The consensus on RC vs. tracing in computer science research has been, for a long time, that tracing has superior CPU throughput despite longer (maximum) pause times. (E.g. see here, here, and here.) Only very recently, in 2013, has there been a paper (last link under those three) presenting an RC based system that performs equally or a little better than the best tested tracing GC, with regard to CPU throughput. Needless to say it has no "real" implementations yet.
Here is a tiny benchmark I just did on my iMac with 3.1 GHz i5, in the iOS 7.1 64-bit simulator:
long tenmillion = 10000000;
NSTimeInterval t;
t = [NSDate timeIntervalSinceReferenceDate];
NSMutableArray *arr = [NSMutableArray arrayWithCapacity:tenmillion];
for (long i = 0; i < tenmillion; ++i)
[arr addObject:[NSObject new]];
NSLog(@"%f seconds: Allocating ten million objects and putting them in an array.", [NSDate timeIntervalSinceReferenceDate] - t);
t = [NSDate timeIntervalSinceReferenceDate];
for (NSObject *obj in arr)
[self doNothingWith:obj]; // Can't be optimized out because it's a method call.
NSLog(@"%f seconds: Calling a method on an object ten million times.", [NSDate timeIntervalSinceReferenceDate] - t);
t = [NSDate timeIntervalSinceReferenceDate];
NSObject *o;
for (NSObject *obj in arr)
o = obj;
NSLog(@"%f seconds: Setting a pointer ten million times.", [NSDate timeIntervalSinceReferenceDate] - t);
With ARC disabled (-fno-objc-arc
), this gives the following:
2.029345 seconds: Allocating ten million objects and putting them in an array.
0.047976 seconds: Calling a method on an object ten million times.
0.006162 seconds: Setting a pointer ten million times.
With ARC enabled, that becomes:
1.794860 seconds: Allocating ten million objects and putting them in an array.
0.067440 seconds: Calling a method on an object ten million times.
0.788266 seconds: Setting a pointer ten million times.
Apparently allocating objects and calling methods became somewhat cheaper. Assigning to an object pointer became more expensive by orders of magnitude, though don't forget that I didn't call -retain in the non-ARC example, and note that you can use __unsafe_unretained
should you ever have a hotspot that assigns object pointers like crazy.
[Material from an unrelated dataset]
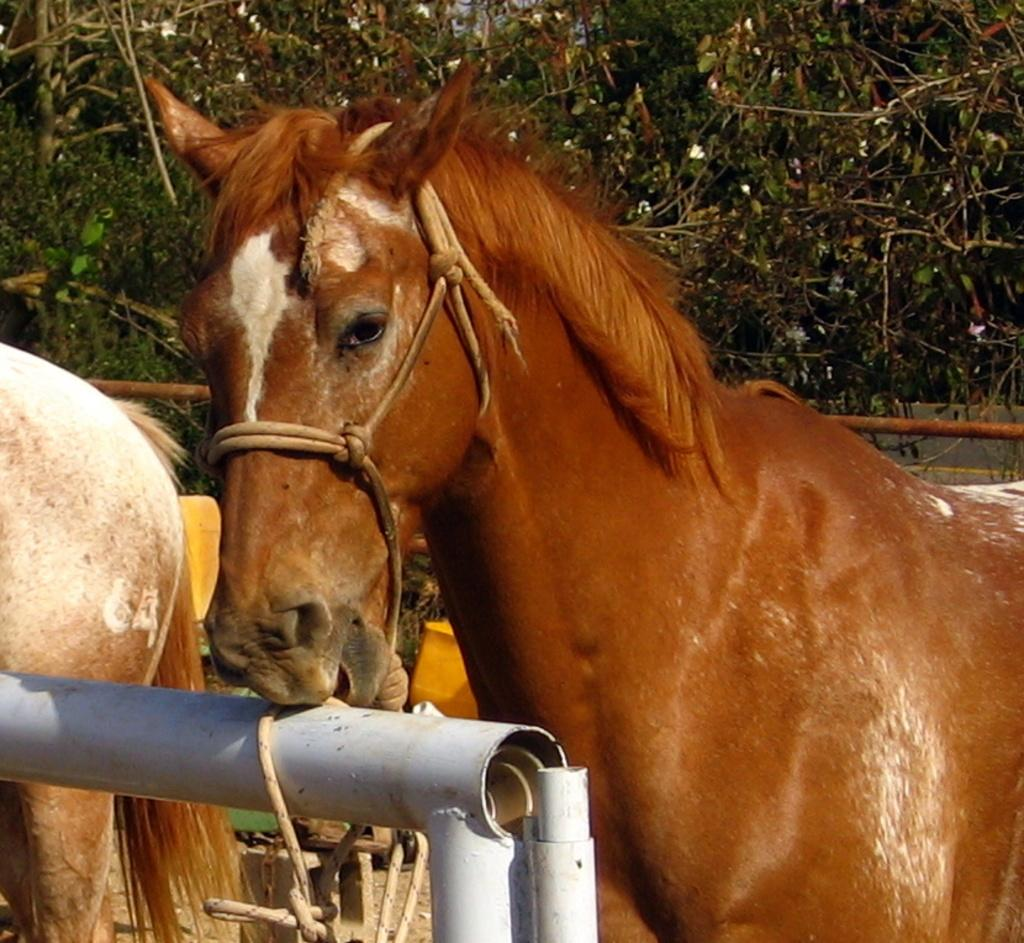What animals are in the center of the image? There are horses in the center of the image. What is located in the front of the image? There is a pole in the front of the image, and it is white in color. What can be seen in the background of the image? There are trees in the background of the image. What is the income of the cow in the image? There is no cow present in the image, so it is not possible to determine its income.

Nevertheless, if you want to "forget about" memory management and let ARC insert retain/release calls where ever it wants, you will, in the general case, be wasting lots of CPU cycles, repeatedly and in all code pathes that set pointers. A tracing GC on the other hand leaves your code itself alone, and only kicks in at select moments (usually when allocating something), doing its thing in one fell swoop. (Of course the details are a lot more complicated in truth, given generational GC, incremental GC, concurrent GC, etc.)
So yes, since Objective-C's RC uses atomic retain/release, it is rather expensive, but Objective-C also has many more inefficiencies than that imposed by refcounting. (For instance, the fully dynamic/reflective nature of methods, which can be "swizzled" at any time by at run-time, prevents the compiler from doing many cross-method optimizations that would require data flow analysis and such. An objc_msgSend() is always a call to a "dynamically linked" black box from the view of the static analyzer, so to say.) All in all Objective-C as a language is not exactly the most efficient or best optimizable out there; people call it "C's type safety with Smalltalk's blazing speed" for a reason. ;-)
When writing Objective-C, one generally just instruments around well-implemented Apple libraries, which surely use C and C++ and assembly or whatever for their hotspots. Your own code barely ever needs to be efficient. When there is a hot spot, you can make it very efficient by dropping down to lower level constructs like pure C-style code within a single Objective-C method, but one rarely ever needs this. That's why Objective-C can afford the cost of ARC in the general case. I'm not yet convinced that tracing GC has any inherent problems in memory-constrained environments and think one could use a properly high-level language to instrument said libraries just as well, but apparently RC sits better with Apple/iOS. One has to consider the whole of the framework they've built up so far and all their legacy libraries when asking oneself why they didn't go with a tracing GC; for instance I've heard that RC is rather deeply built into CoreFoundation.